WHAT IS REQUIRED.
Copy every record exactly, leaving the pictures out.
════════════════════
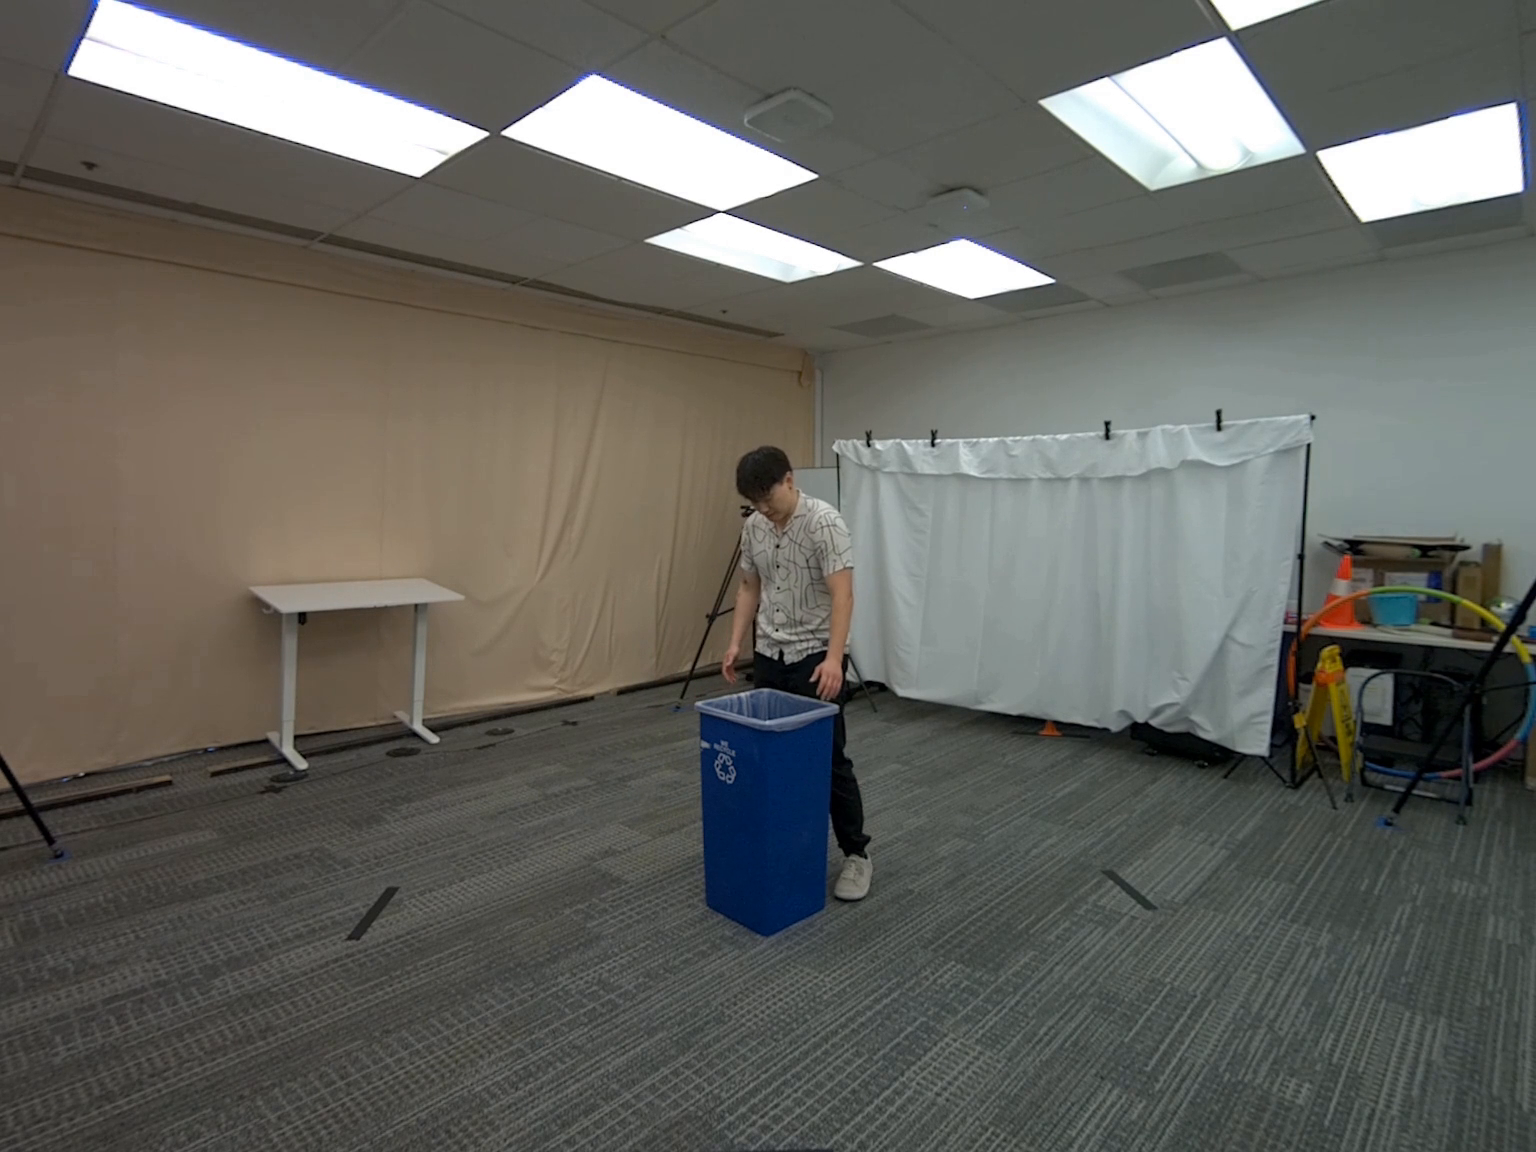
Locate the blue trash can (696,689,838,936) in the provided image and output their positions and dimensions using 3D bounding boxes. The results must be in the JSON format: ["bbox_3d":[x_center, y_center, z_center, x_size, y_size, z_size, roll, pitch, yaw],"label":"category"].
[{"bbox_3d":[-0.009,0.792,2.894,0.391,0.712,0.362,4,5,45],"label":"blue trash can"}]
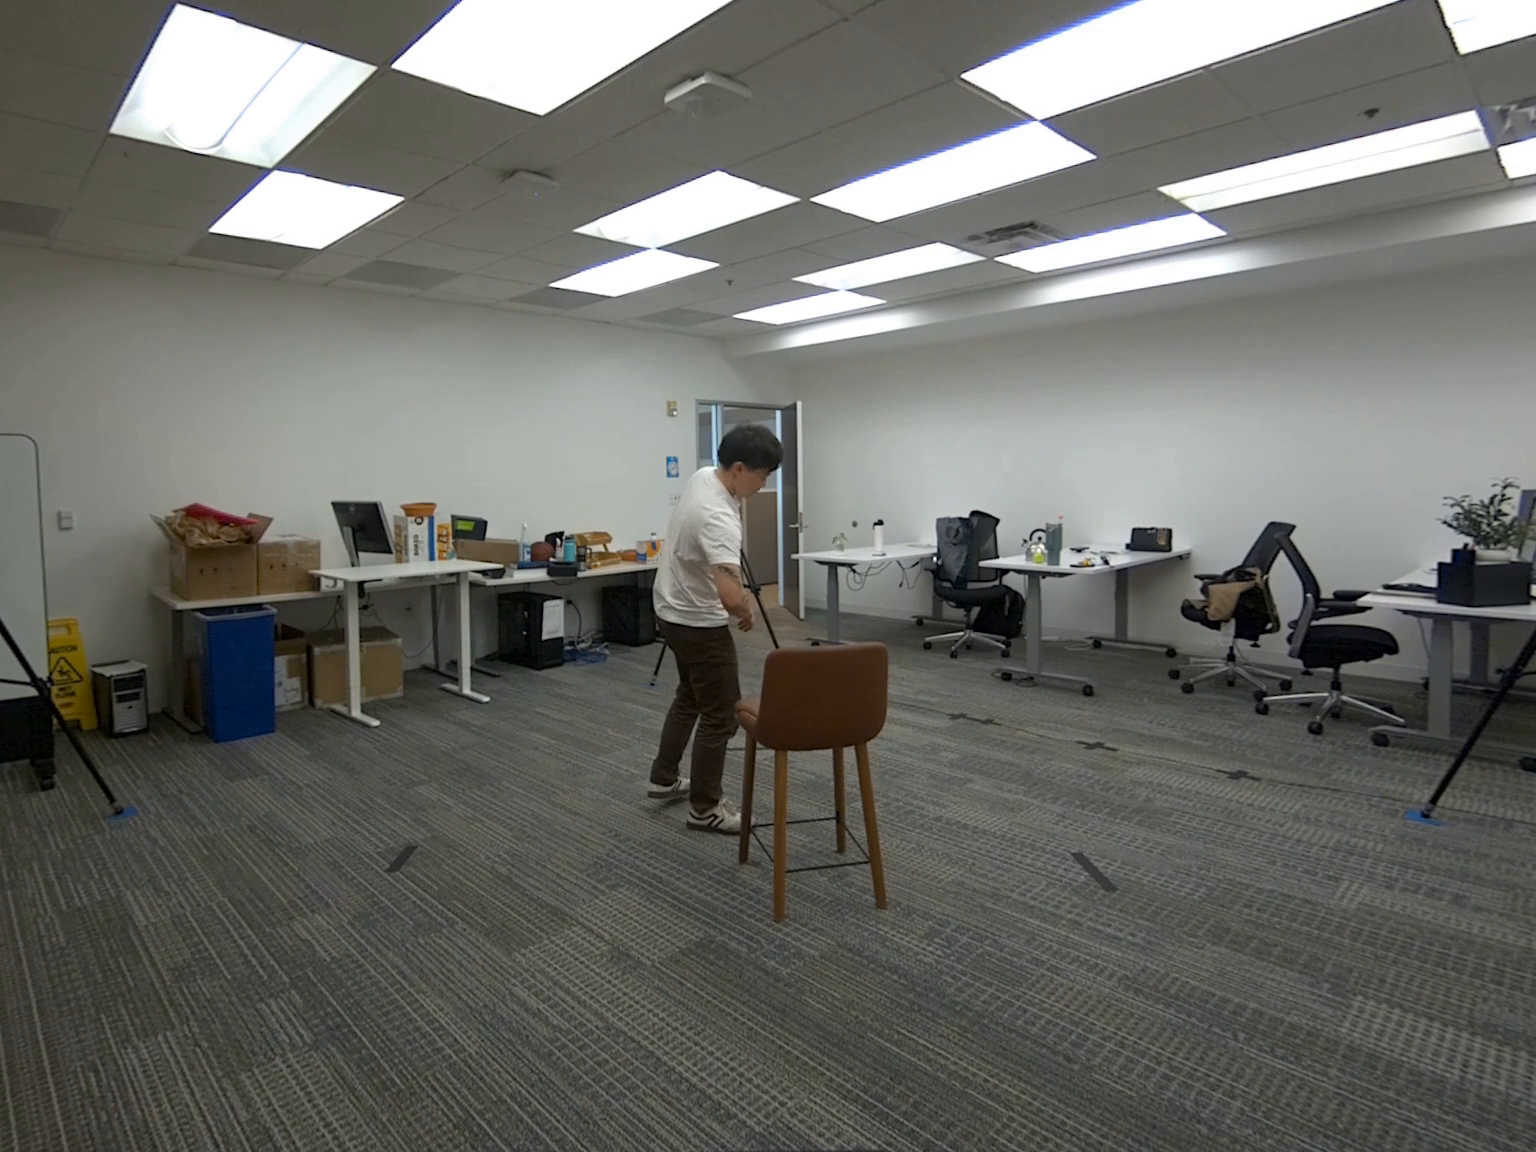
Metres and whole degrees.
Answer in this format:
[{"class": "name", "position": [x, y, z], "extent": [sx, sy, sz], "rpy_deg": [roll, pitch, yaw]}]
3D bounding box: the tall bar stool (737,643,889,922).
[{"class": "tall bar stool", "position": [0.144, 0.626, 2.915], "extent": [0.451, 0.886, 0.475], "rpy_deg": [-2, 5, -13]}]
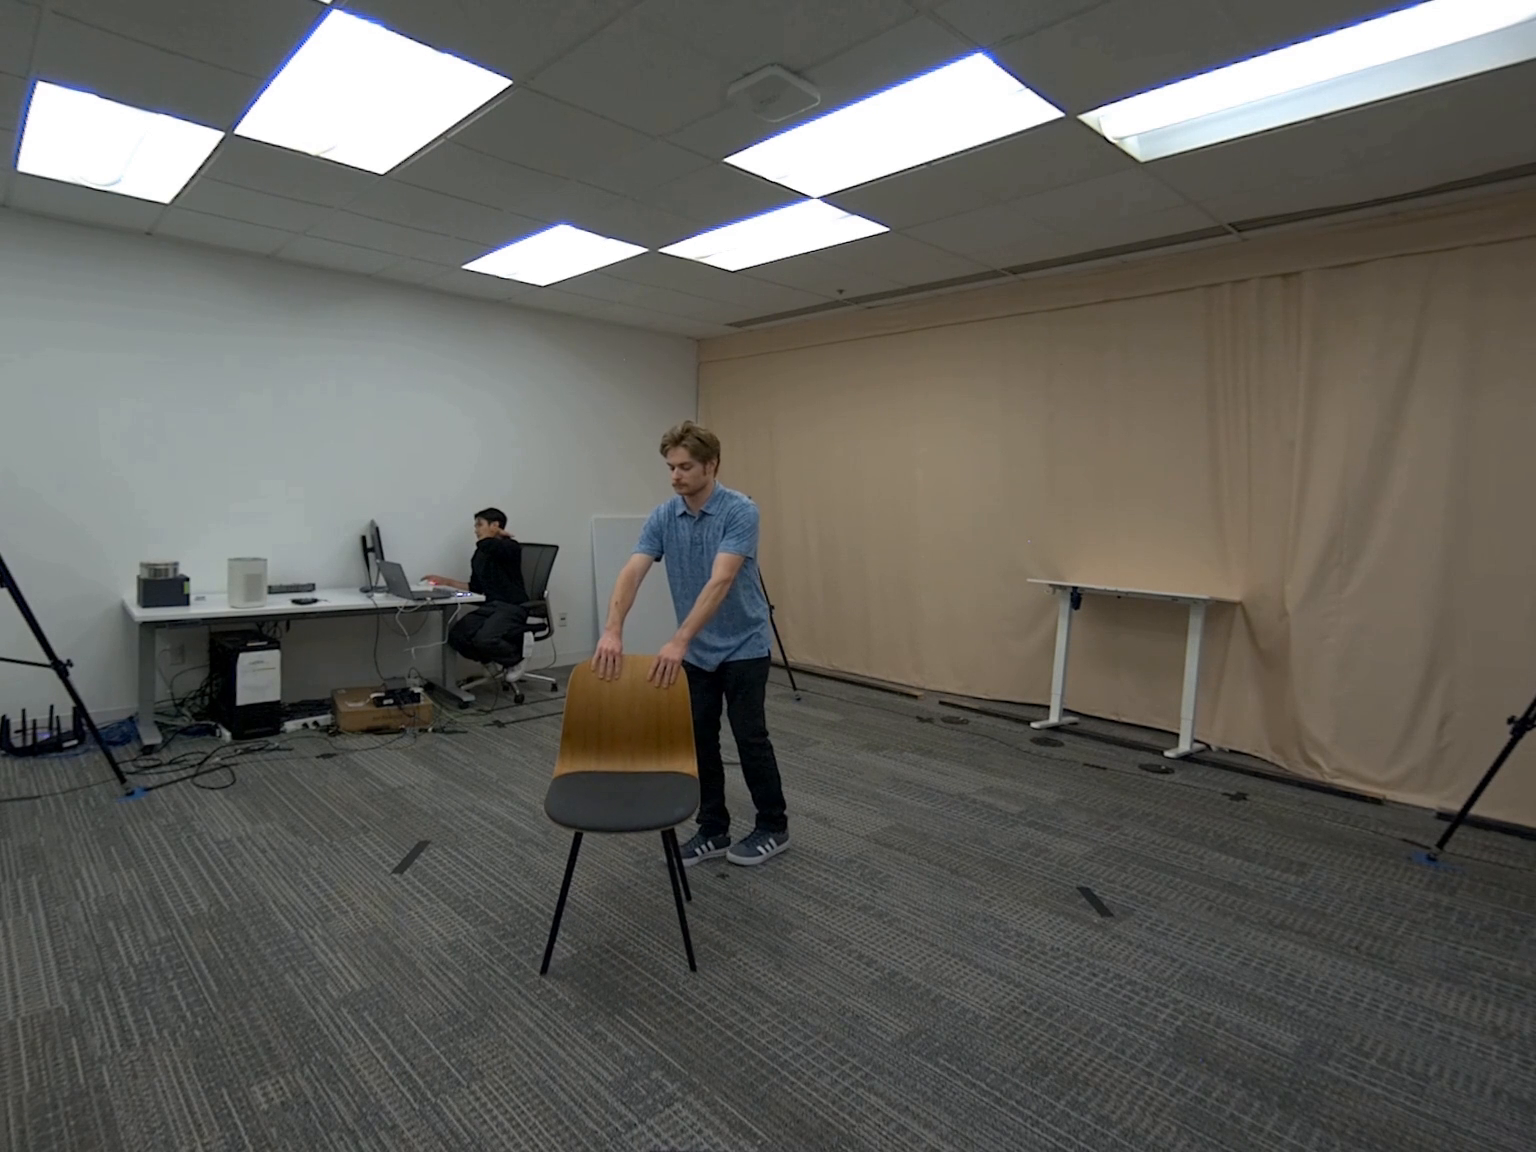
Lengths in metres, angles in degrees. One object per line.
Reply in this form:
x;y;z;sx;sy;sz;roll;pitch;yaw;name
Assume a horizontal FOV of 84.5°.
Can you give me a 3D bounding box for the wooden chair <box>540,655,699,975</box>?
-0.453;0.718;2.635;0.476;0.877;0.526;1;0;-7;wooden chair
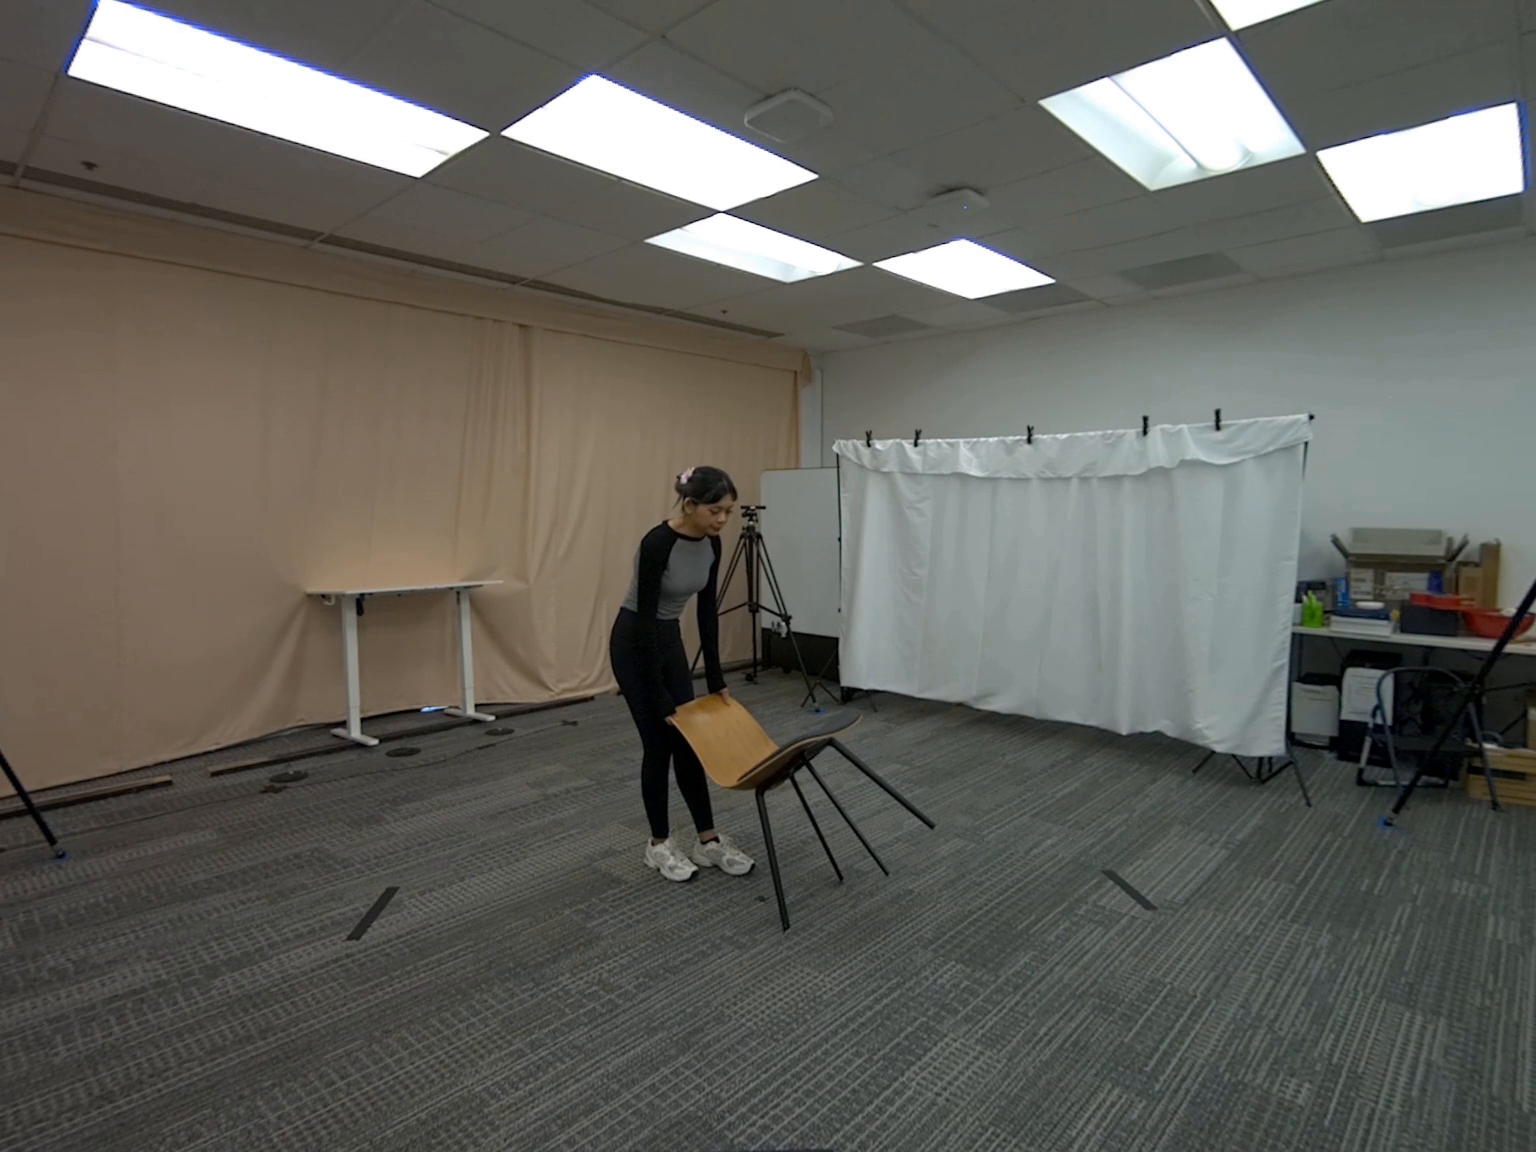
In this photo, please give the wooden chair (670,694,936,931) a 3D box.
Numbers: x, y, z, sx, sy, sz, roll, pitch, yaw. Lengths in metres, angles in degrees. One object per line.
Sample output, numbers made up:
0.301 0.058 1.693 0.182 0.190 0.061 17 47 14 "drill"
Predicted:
0.102 0.666 2.948 0.527 0.896 0.465 -46 -20 26 "wooden chair"
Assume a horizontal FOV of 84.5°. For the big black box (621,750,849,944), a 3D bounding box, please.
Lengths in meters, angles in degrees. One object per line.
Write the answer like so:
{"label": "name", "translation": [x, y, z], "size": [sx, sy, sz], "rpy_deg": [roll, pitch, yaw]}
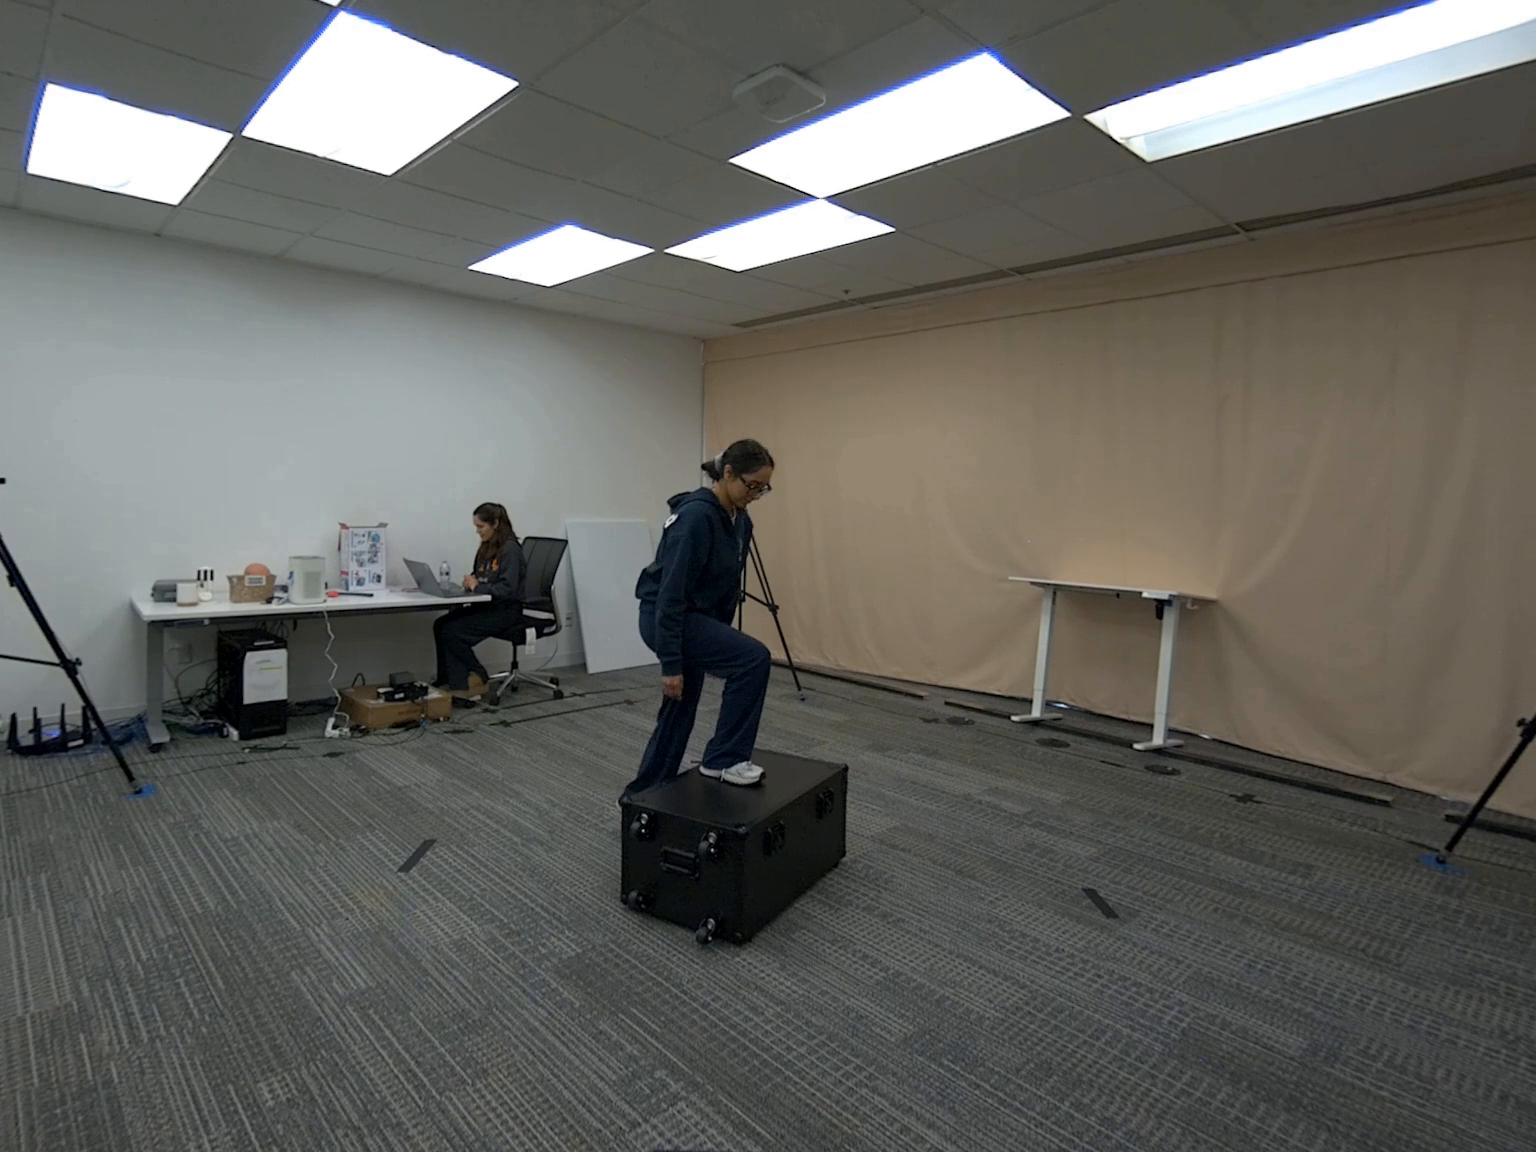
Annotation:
{"label": "big black box", "translation": [-0.118, 0.928, 3.000], "size": [0.532, 0.395, 0.845], "rpy_deg": [4, 5, 29]}
════════════════════
COMPLETED TASK.
Locate the blue trash can (696,689,838,936) in the provided image and output their positions and dimensions using 3D bounding boxes. The results must be in the JSON format: ["bbox_3d":[x_center, y_center, z_center, x_size, y_size, z_size, roll, pitch, yaw],"label":"category"].
[{"bbox_3d":[-0.009,0.792,2.894,0.391,0.712,0.362,4,5,45],"label":"blue trash can"}]
Metres and whole degrees.
Answer in this format:
[{"class": "name", "position": [x, y, z], "extent": [sx, sy, sz], "rpy_deg": [roll, pitch, yaw]}]
3D bounding box: the tall bar stool (737,643,889,922).
[{"class": "tall bar stool", "position": [0.144, 0.626, 2.915], "extent": [0.451, 0.886, 0.475], "rpy_deg": [-2, 5, -13]}]
Lengths in metres, angles in degrees. One object per line.
Reply in this form:
x;y;z;sx;sy;sz;roll;pitch;yaw;name
Assume a horizontal FOV of 84.5°.
Can you give me a 3D bounding box for the wooden chair <box>540,655,699,975</box>?
-0.453;0.718;2.635;0.476;0.877;0.526;1;0;-7;wooden chair
In this photo, please give the wooden chair (670,694,936,931) a 3D box.
Numbers: x, y, z, sx, sy, sz, roll, pitch, yaw. Lengths in metres, angles in degrees. One object per line.
Sample output, numbers made up:
0.301 0.058 1.693 0.182 0.190 0.061 17 47 14 "drill"
Predicted:
0.102 0.666 2.948 0.527 0.896 0.465 -46 -20 26 "wooden chair"
Assume a horizontal FOV of 84.5°. For the big black box (621,750,849,944), a 3D bounding box, please.
Lengths in meters, angles in degrees. One object per line.
Write the answer like so:
{"label": "name", "translation": [x, y, z], "size": [sx, sy, sz], "rpy_deg": [roll, pitch, yaw]}
Annotation:
{"label": "big black box", "translation": [-0.118, 0.928, 3.000], "size": [0.532, 0.395, 0.845], "rpy_deg": [4, 5, 29]}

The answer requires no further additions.